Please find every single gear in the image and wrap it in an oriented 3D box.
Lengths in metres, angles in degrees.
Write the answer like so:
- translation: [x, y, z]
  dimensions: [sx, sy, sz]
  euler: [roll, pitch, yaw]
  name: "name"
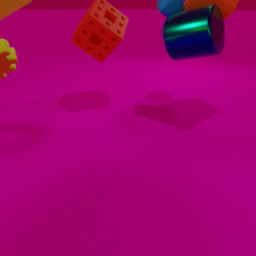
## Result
- translation: [-3.131, -1.365, 5.759]
  dimensions: [1.563, 0.289, 1.563]
  euler: [-17, -11, -3]
  name: "gear"

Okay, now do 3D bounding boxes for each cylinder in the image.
- translation: [-2.007, -2.110, 3.849]
  dimensions: [1.167, 1.167, 1.167]
  euler: [8, 43, 17]
  name: "cylinder"
- translation: [1.899, -2.679, 7.990]
  dimensions: [1.351, 1.351, 1.351]
  euler: [1, 21, 35]
  name: "cylinder"

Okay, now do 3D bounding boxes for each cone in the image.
- translation: [1.088, -3.516, 8.123]
  dimensions: [0.851, 0.851, 0.854]
  euler: [12, 40, 24]
  name: "cone"

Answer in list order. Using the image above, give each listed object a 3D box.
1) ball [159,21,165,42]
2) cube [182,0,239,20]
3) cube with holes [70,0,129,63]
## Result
- translation: [1.521, -3.253, 9.439]
  dimensions: [0.916, 0.916, 0.916]
  euler: [0, 25, 0]
  name: "ball"
- translation: [2.504, -3.808, 8.411]
  dimensions: [1.165, 1.165, 1.165]
  euler: [37, 58, -10]
  name: "cube"
- translation: [-0.910, -3.194, 9.120]
  dimensions: [1.224, 1.224, 1.224]
  euler: [31, 48, -23]
  name: "cube with holes"

========

## Exercise prompt
Find the line with "Answer in list" in the listing above, then write out that line and each remaining line exactly, with no other text.

## Solution
Answer in list order. Using the image above, give each listed object a 3D box.
1) ball [159,21,165,42]
2) cube [182,0,239,20]
3) cube with holes [70,0,129,63]
## Result
- translation: [1.521, -3.253, 9.439]
  dimensions: [0.916, 0.916, 0.916]
  euler: [0, 25, 0]
  name: "ball"
- translation: [2.504, -3.808, 8.411]
  dimensions: [1.165, 1.165, 1.165]
  euler: [37, 58, -10]
  name: "cube"
- translation: [-0.910, -3.194, 9.120]
  dimensions: [1.224, 1.224, 1.224]
  euler: [31, 48, -23]
  name: "cube with holes"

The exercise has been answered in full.